(Supplied entries)

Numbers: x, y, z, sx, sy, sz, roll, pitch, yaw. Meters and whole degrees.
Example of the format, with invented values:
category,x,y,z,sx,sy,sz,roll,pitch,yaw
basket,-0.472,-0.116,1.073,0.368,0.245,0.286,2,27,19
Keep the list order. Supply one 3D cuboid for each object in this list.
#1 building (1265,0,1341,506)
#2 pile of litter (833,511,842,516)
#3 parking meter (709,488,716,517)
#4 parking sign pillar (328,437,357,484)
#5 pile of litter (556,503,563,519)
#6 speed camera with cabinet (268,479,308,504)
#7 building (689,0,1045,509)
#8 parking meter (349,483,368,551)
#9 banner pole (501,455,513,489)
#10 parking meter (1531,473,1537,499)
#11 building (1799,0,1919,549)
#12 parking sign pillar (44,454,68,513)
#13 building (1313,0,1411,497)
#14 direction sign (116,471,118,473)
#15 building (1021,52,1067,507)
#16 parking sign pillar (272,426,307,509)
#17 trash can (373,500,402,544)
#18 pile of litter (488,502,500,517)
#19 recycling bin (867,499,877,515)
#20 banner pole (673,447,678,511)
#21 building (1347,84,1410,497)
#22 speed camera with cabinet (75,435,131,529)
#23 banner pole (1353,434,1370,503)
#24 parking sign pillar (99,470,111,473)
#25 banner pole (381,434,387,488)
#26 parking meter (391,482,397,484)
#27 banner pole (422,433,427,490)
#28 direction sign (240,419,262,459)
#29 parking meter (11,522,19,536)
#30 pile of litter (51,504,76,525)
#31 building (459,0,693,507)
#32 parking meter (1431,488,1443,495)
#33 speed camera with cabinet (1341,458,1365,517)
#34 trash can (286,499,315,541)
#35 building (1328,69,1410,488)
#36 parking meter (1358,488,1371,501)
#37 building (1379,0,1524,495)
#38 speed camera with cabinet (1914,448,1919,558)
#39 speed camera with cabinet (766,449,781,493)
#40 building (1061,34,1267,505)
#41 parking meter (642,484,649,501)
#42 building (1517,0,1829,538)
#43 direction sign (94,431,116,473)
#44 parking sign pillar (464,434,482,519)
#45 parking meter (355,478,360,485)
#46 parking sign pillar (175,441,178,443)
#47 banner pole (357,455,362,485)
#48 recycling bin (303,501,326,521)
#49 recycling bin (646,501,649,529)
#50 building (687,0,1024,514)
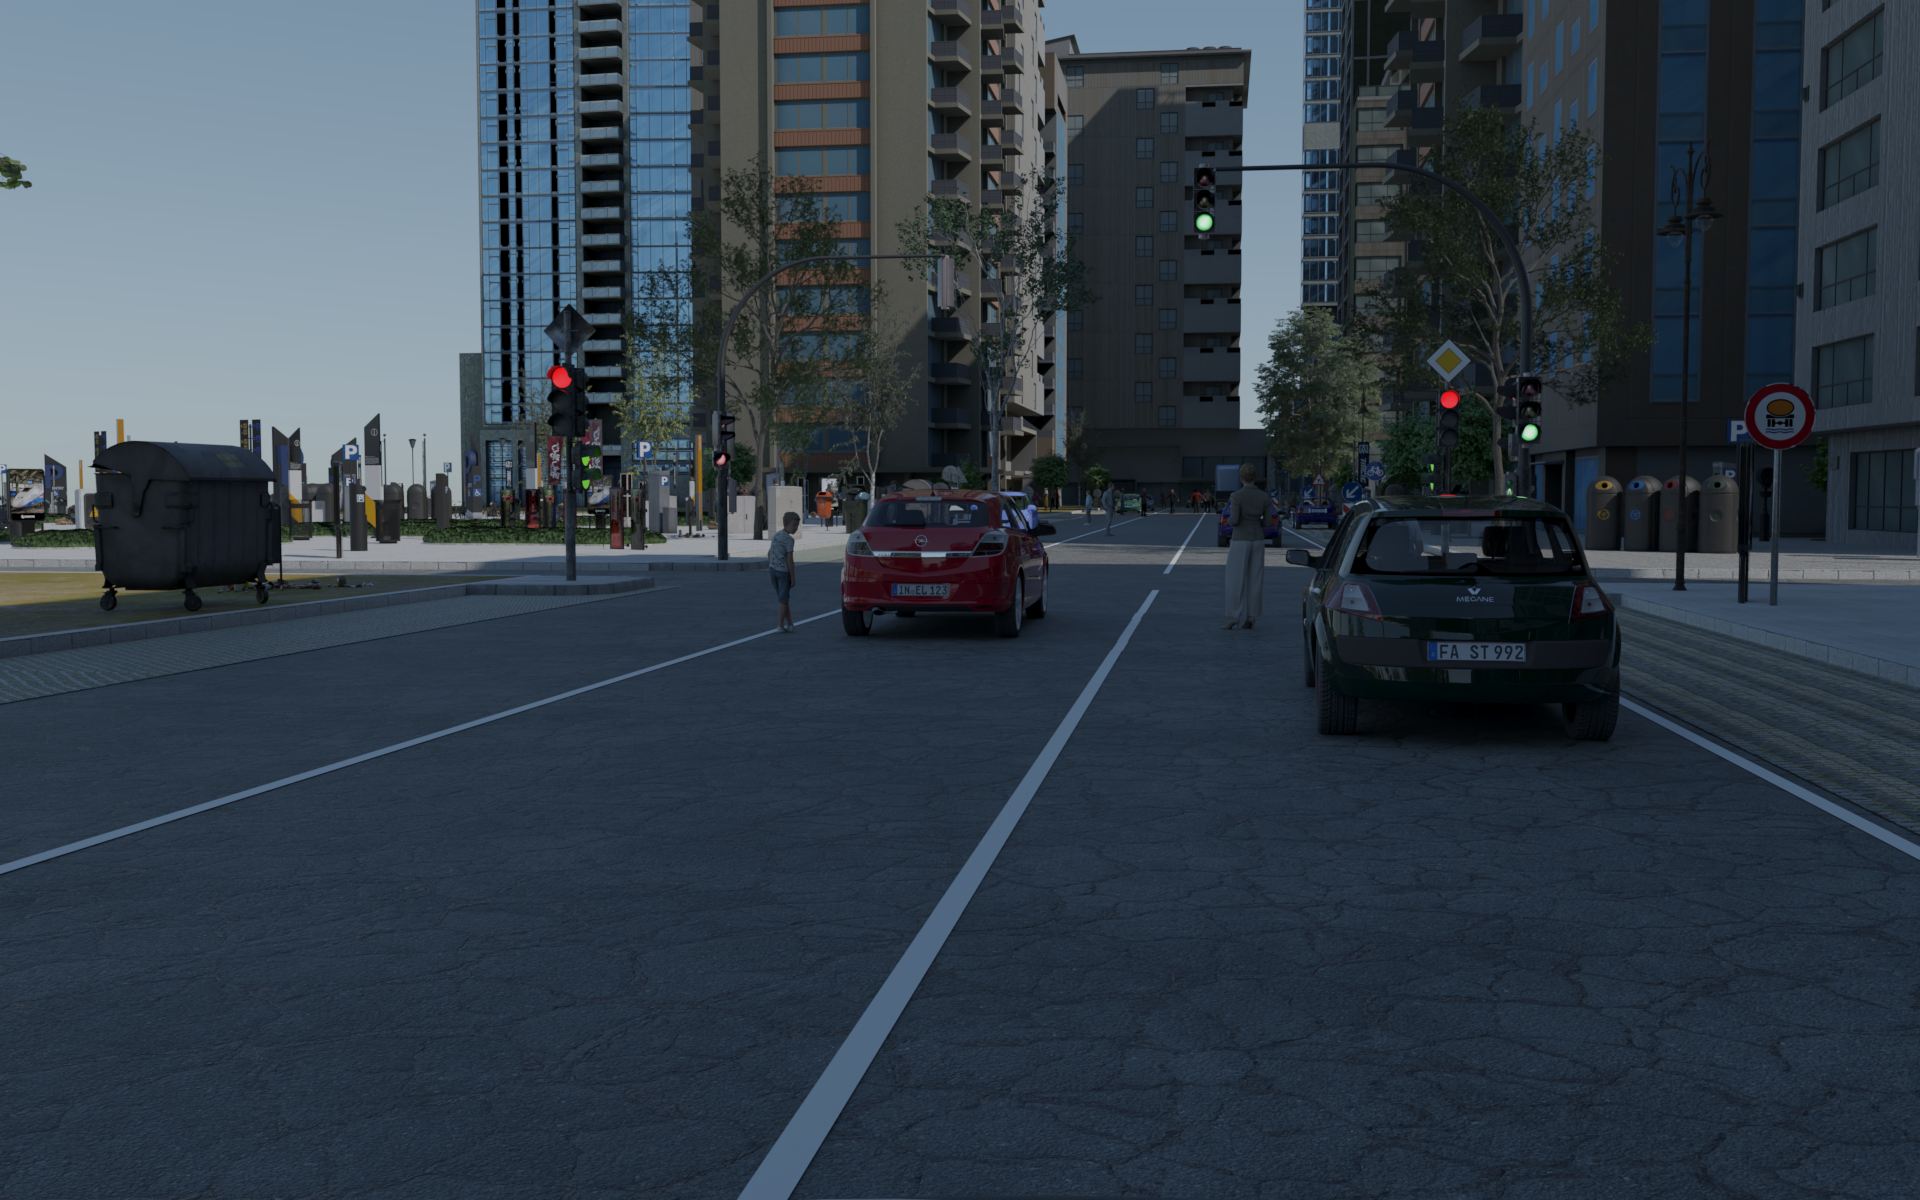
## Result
category,x,y,z,sx,sy,sz,roll,pitch,yaw
building,51.044,-54.174,198.410,31.000,86.520,22.319,1,4,8
pile of litter,-7.066,-5.389,102.072,1.176,0.858,1.719,2,4,24
parking meter,-10.543,-4.010,73.976,0.372,1.533,0.369,0,3,0
parking sign pillar,-29.210,-5.720,81.992,1.447,3.967,1.447,3,4,37
pile of litter,-18.907,-4.184,82.379,1.719,0.858,1.176,0,4,-3
speed camera with cabinet,-31.359,-5.265,80.426,0.660,3.252,2.038,3,4,37
building,-6.951,-34.482,153.022,28.713,52.752,27.495,1,4,8
parking meter,-13.533,-1.868,38.957,0.372,1.533,0.369,0,3,0
banner pole,-28.918,-7.367,110.463,0.863,3.779,0.401,-1,4,-20
parking meter,14.720,-2.395,44.864,0.399,1.863,0.255,-2,4,-34
building,27.949,-16.262,37.585,14.107,30.474,14.160,1,4,8
parking sign pillar,-60.233,-7.760,115.354,1.447,3.967,1.447,-1,4,-18
building,44.856,-44.403,164.237,20.563,71.187,20.611,1,4,8
direction sign,-47.186,-6.364,96.055,0.876,3.537,0.379,-1,4,-15
building,3.060,-32.060,174.291,14.200,45.320,14.600,1,4,8
parking sign pillar,-26.877,-4.953,69.459,1.447,3.967,1.447,2,4,31
trash can,-14.815,-2.030,44.837,0.748,1.137,0.748,0,3,0
pile of litter,-26.048,-5.120,97.673,1.176,0.858,1.719,1,4,10
recycling bin,-4.010,-4.078,79.231,0.722,1.027,0.722,-3,4,-37
banner pole,-15.230,-6.285,92.773,0.401,3.779,0.863,0,4,8
building,35.177,-21.620,125.187,14.160,30.474,14.107,1,4,8
speed camera with cabinet,-28.315,-3.874,57.676,2.038,3.252,0.660,-3,5,-41
banner pole,16.784,-5.062,72.776,0.863,3.779,0.401,0,4,6
parking sign pillar,-51.578,-7.120,104.880,1.447,3.967,1.447,1,4,10
banner pole,-23.899,-4.984,71.511,0.401,3.779,0.863,2,4,29
parking meter,-27.478,-4.801,84.206,0.255,1.863,0.399,-3,5,-42
banner pole,-22.173,-4.997,71.710,0.401,3.779,0.863,-2,4,-26
direction sign,-21.532,-3.709,52.636,0.876,3.537,0.379,2,4,27
parking meter,-28.197,-2.655,51.812,0.372,1.533,0.369,0,3,0
pile of litter,-37.365,-3.578,72.457,1.176,0.858,1.719,1,4,17
building,-34.702,-52.728,174.782,31.000,86.520,22.319,1,4,8
parking meter,15.012,-2.976,54.361,0.399,1.863,0.255,-2,4,-24
speed camera with cabinet,21.256,-6.066,93.521,0.660,3.252,2.038,2,4,34
trash can,-18.260,-2.220,47.958,0.748,1.137,0.748,0,3,0
building,47.243,-27.550,142.325,32.217,40.220,23.993,1,4,8
parking meter,16.910,-3.893,72.068,0.372,1.533,0.369,0,3,0
building,32.605,-26.305,84.718,22.147,44.769,28.867,1,4,8
speed camera with cabinet,19.142,-2.420,33.897,0.660,3.252,2.038,1,4,23
speed camera with cabinet,-8.238,-5.035,76.653,0.660,3.252,2.038,0,4,-3
building,22.564,-37.768,206.750,27.495,52.752,28.713,1,4,8
parking meter,-17.549,-5.558,96.578,0.399,1.863,0.255,3,5,40
building,26.611,-24.812,55.788,14.600,45.320,14.200,1,4,8
direction sign,-30.898,-4.302,62.339,0.876,3.537,0.379,3,4,38
parking sign pillar,-21.794,-5.449,77.559,1.447,3.967,1.447,-2,4,-30
parking meter,-22.320,-3.558,63.876,0.399,1.863,0.255,-1,4,-20
parking sign pillar,-40.373,-6.120,88.538,1.447,3.967,1.447,2,4,23
banner pole,-33.619,-6.533,96.830,0.401,3.779,0.863,0,4,5
recycling bin,-23.235,-3.042,62.289,0.722,1.027,0.722,-2,4,-26
recycling bin,-11.472,-3.158,64.181,0.722,1.027,0.722,0,4,-5
building,-7.192,-28.761,124.865,22.147,44.769,28.867,1,4,8

(End Supplied entries)

- _Problem_:
What are the lines, exactly as written above, from the line with "#11 building (1799,0,1919,549)" to the line with "#22 speed camera", both included? Output only those.

- _Exercise result_:
#11 building (1799,0,1919,549)
#12 parking sign pillar (44,454,68,513)
#13 building (1313,0,1411,497)
#14 direction sign (116,471,118,473)
#15 building (1021,52,1067,507)
#16 parking sign pillar (272,426,307,509)
#17 trash can (373,500,402,544)
#18 pile of litter (488,502,500,517)
#19 recycling bin (867,499,877,515)
#20 banner pole (673,447,678,511)
#21 building (1347,84,1410,497)
#22 speed camera with cabinet (75,435,131,529)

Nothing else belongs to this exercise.